- What the task asks:
Records follow. Copy every line with "edges".

- Stored records:

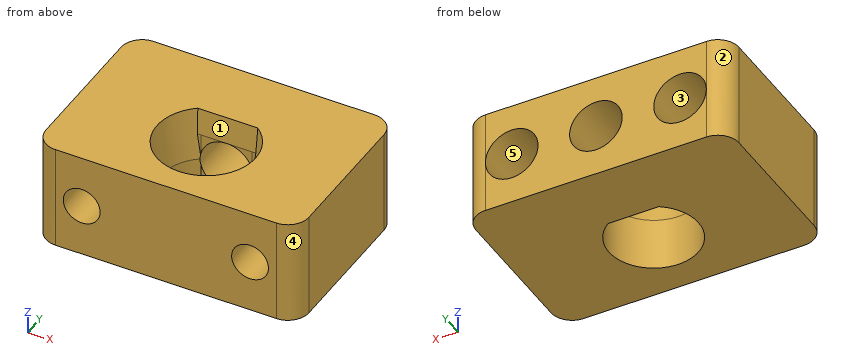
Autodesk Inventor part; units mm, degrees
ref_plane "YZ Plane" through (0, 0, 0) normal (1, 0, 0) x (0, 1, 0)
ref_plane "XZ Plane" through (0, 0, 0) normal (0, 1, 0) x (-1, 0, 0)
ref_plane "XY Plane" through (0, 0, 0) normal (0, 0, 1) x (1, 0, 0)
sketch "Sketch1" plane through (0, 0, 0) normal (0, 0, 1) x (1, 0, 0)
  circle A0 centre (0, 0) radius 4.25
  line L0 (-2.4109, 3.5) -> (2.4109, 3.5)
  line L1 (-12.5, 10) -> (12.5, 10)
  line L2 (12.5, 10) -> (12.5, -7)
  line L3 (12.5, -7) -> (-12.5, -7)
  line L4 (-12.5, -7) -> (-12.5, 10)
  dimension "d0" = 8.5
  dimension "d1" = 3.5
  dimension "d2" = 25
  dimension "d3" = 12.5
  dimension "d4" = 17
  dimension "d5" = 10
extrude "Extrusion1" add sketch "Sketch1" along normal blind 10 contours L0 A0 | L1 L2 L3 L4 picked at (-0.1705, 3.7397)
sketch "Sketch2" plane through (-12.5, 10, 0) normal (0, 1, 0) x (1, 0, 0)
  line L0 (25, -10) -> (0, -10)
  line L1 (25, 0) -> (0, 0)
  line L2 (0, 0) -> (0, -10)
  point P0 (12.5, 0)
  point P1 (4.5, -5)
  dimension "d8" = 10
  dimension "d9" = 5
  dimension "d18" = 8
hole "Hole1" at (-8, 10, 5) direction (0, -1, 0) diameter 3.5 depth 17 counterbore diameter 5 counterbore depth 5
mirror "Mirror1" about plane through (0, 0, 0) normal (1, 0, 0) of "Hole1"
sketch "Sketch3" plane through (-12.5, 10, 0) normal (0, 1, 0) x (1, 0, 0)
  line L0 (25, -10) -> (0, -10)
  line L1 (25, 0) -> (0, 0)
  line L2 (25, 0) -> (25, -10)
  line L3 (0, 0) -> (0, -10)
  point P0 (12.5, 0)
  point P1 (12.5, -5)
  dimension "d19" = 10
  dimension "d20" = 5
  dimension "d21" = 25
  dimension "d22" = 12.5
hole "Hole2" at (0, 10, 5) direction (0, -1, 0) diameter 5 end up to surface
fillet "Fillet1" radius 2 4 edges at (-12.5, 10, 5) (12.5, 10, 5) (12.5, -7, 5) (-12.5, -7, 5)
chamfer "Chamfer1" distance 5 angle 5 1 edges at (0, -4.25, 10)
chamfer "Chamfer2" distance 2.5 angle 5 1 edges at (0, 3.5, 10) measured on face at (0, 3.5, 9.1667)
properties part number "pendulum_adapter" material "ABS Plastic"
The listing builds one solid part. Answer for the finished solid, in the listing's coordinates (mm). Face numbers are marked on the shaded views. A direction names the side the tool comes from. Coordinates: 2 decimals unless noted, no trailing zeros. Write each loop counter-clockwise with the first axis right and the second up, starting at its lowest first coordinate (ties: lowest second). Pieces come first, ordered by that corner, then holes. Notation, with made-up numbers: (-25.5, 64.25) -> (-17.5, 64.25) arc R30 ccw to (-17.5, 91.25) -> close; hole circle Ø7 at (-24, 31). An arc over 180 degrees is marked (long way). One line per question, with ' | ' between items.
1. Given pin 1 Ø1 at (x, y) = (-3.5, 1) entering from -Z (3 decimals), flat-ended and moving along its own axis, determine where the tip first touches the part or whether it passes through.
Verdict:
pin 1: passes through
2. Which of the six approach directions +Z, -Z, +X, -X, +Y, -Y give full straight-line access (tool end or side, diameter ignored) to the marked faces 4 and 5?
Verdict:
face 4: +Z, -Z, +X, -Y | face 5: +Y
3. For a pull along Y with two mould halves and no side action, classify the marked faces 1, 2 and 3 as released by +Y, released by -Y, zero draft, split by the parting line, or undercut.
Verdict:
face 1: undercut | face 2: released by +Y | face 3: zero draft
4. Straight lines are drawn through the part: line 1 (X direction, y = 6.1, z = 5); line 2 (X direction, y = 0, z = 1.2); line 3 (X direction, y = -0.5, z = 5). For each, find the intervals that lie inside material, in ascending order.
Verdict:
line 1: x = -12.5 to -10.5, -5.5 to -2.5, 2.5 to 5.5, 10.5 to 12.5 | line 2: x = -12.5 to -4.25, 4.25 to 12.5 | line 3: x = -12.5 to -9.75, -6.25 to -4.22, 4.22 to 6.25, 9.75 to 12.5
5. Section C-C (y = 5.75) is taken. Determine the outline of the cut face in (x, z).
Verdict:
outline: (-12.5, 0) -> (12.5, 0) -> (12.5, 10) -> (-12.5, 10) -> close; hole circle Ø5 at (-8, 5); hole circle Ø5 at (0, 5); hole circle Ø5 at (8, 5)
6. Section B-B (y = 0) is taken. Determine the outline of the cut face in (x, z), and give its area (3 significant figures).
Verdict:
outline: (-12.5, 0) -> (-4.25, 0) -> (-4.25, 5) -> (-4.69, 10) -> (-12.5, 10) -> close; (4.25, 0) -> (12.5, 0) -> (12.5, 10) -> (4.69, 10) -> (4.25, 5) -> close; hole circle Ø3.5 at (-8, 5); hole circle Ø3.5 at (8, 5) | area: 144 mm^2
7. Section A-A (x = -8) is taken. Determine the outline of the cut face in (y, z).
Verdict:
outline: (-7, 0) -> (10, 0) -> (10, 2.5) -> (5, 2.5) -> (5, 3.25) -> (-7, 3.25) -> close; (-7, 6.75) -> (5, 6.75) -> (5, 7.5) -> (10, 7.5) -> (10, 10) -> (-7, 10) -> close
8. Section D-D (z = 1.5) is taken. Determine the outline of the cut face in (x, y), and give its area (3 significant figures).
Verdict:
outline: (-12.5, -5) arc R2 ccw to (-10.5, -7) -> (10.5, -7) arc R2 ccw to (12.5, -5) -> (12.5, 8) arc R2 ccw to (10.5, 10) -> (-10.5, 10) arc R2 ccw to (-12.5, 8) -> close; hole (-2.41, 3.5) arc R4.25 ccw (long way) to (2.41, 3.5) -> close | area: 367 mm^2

- Worked solution:
fillet "Fillet1" radius 2 4 edges at (-12.5, 10, 5) (12.5, 10, 5) (12.5, -7, 5) (-12.5, -7, 5)
chamfer "Chamfer1" distance 5 angle 5 1 edges at (0, -4.25, 10)
chamfer "Chamfer2" distance 2.5 angle 5 1 edges at (0, 3.5, 10) measured on face at (0, 3.5, 9.1667)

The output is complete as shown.